## BRIEF
Omitting all pictures, copy word for word the lines from the line containing "Image resolution: width=952" through the final line of the entries.

## RECORDS FOR THIS TASK
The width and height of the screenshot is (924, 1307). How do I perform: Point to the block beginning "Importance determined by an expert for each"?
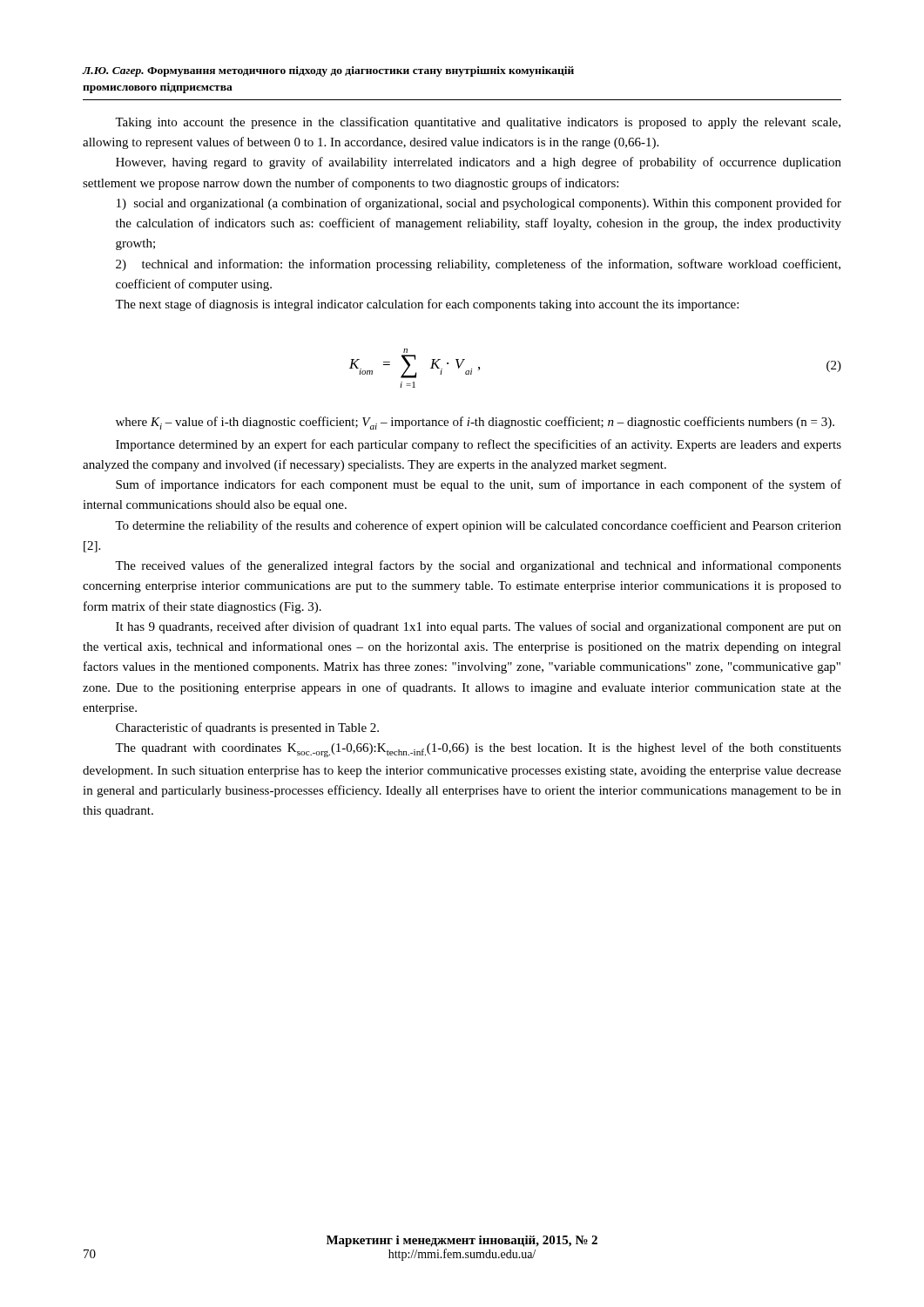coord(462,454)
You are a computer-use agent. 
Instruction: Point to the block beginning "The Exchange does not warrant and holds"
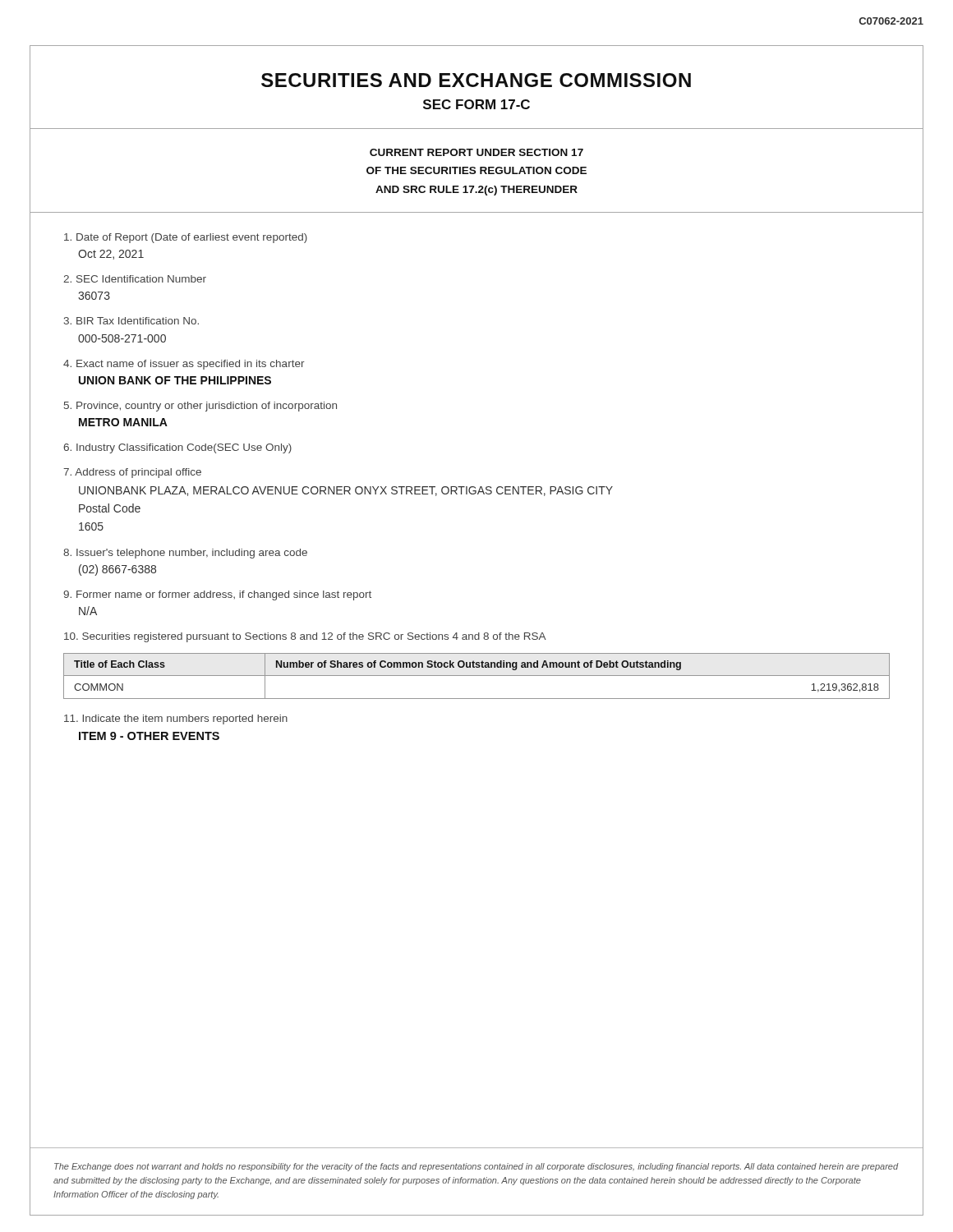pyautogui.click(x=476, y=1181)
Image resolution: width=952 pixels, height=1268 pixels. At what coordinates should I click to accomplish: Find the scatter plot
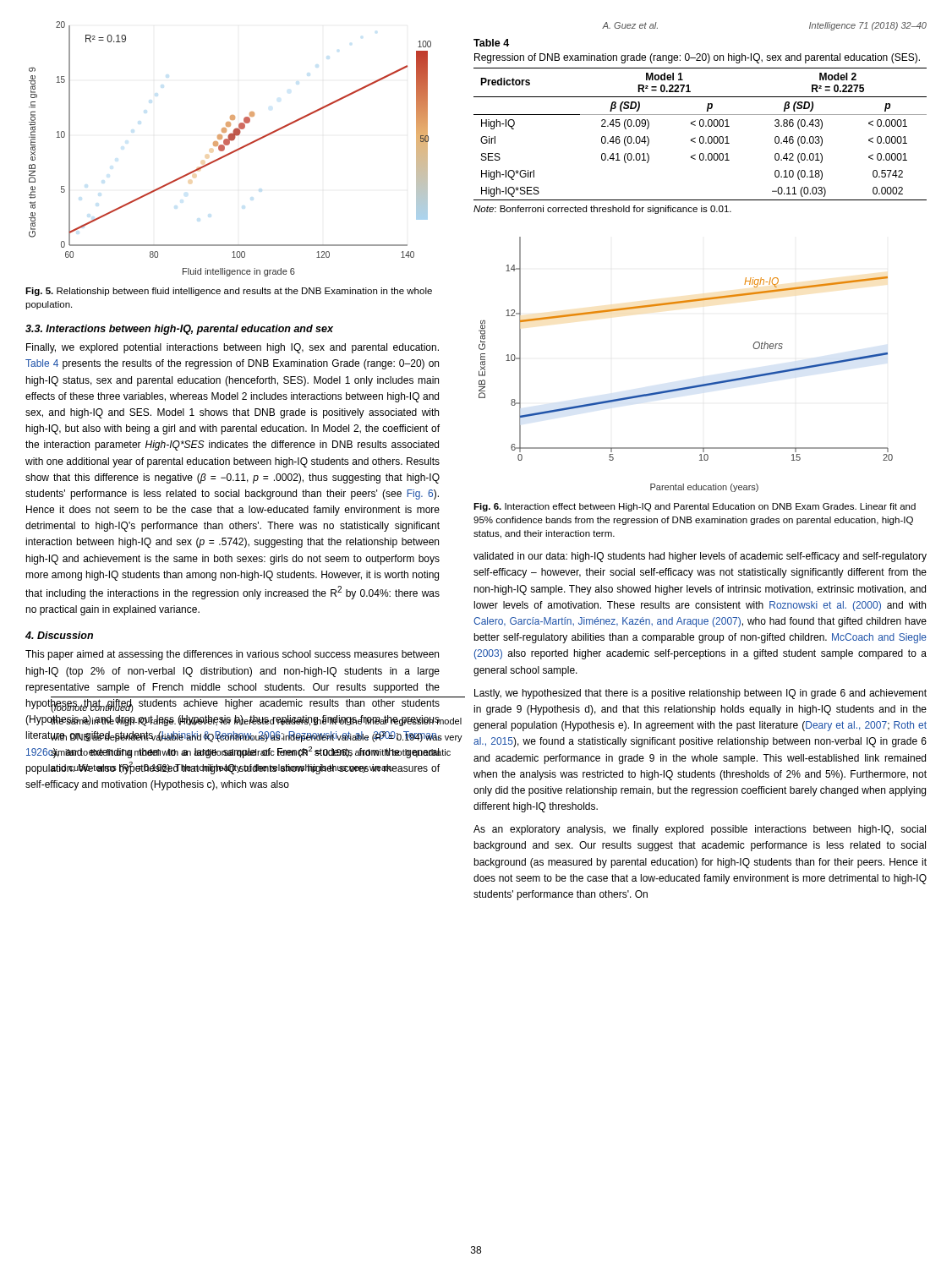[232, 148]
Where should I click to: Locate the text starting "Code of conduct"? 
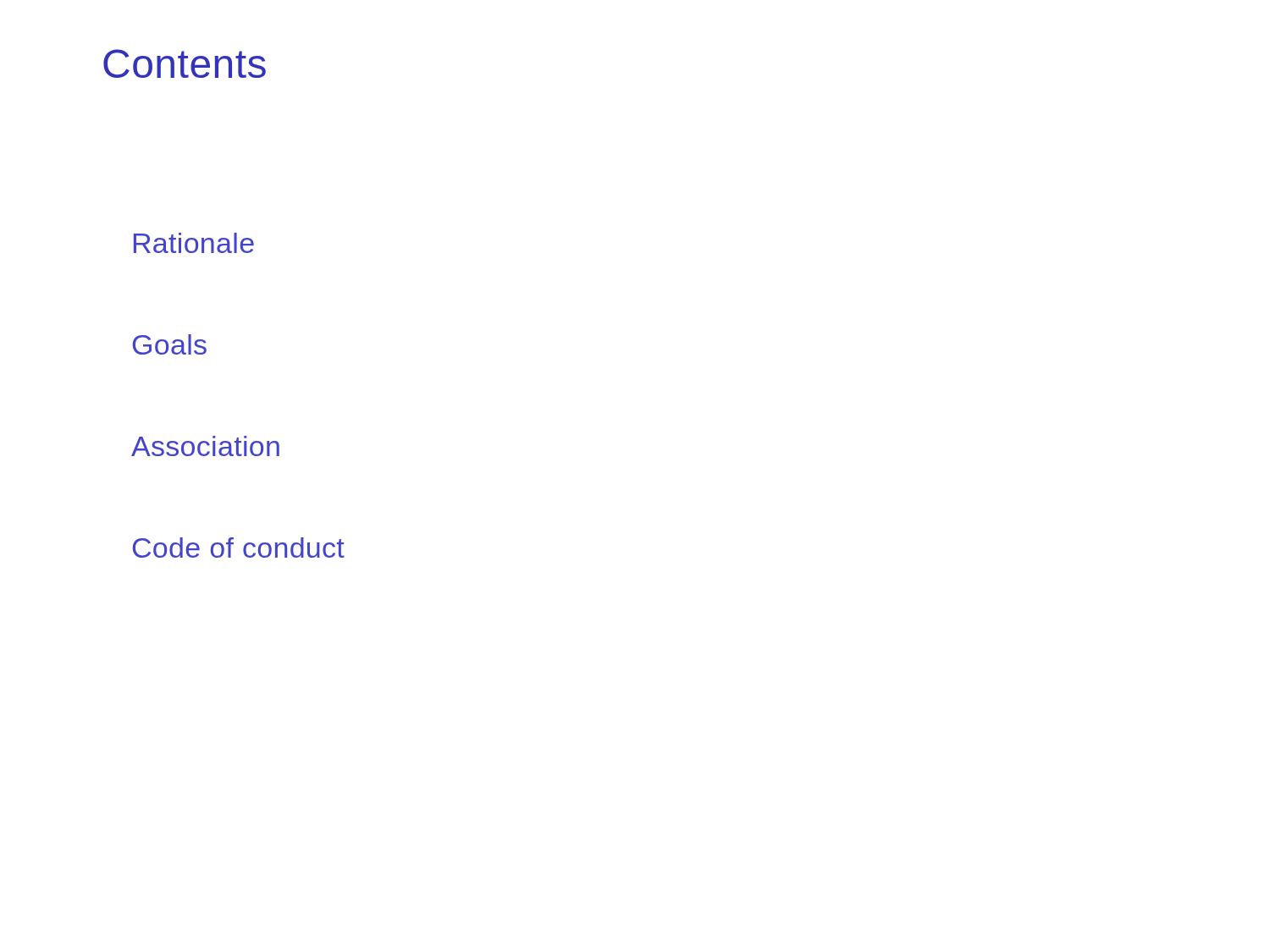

## OUTPUT OF THE EXERCISE
Image resolution: width=952 pixels, height=1268 pixels. At what coordinates should I click to accomplish: Find the scatter plot
[232, 148]
Where should I click to: Locate the text starting "Code of conduct"? 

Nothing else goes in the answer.